• _WHAT IS NEEDED_
Please repeat the records below exactly, skipping any pictures.

[Dataset items]
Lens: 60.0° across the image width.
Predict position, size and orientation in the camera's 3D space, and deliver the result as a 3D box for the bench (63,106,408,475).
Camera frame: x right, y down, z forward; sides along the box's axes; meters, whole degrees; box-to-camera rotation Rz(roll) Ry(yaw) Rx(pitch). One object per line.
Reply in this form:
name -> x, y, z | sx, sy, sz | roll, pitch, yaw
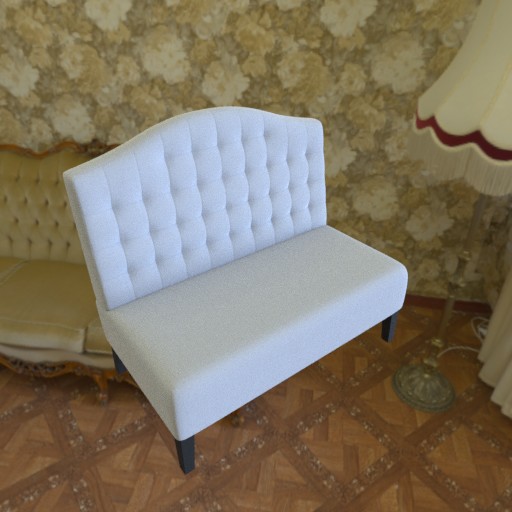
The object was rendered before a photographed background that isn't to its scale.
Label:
bench -> 0.000, 0.000, 2.042 | 1.335, 1.180, 0.815 | -22, 38, -31

• _SOLUTION TO THE EXERCISE_
Lens: 60.0° across the image width.
Predict position, size and orientation in the camera's 3D space, and deliver the result as a 3D box for the bench (63,106,408,475).
Camera frame: x right, y down, z forward; sides along the box's axes; meters, whole degrees; box-to-camera rotation Rz(roll) Ry(yaw) Rx(pitch). One object per line.
Reply in this form:
name -> x, y, z | sx, sy, sz | roll, pitch, yaw
The object was rendered before a photographed background that isn't to its scale.
Label:
bench -> 0.000, 0.000, 2.042 | 1.335, 1.180, 0.815 | -22, 38, -31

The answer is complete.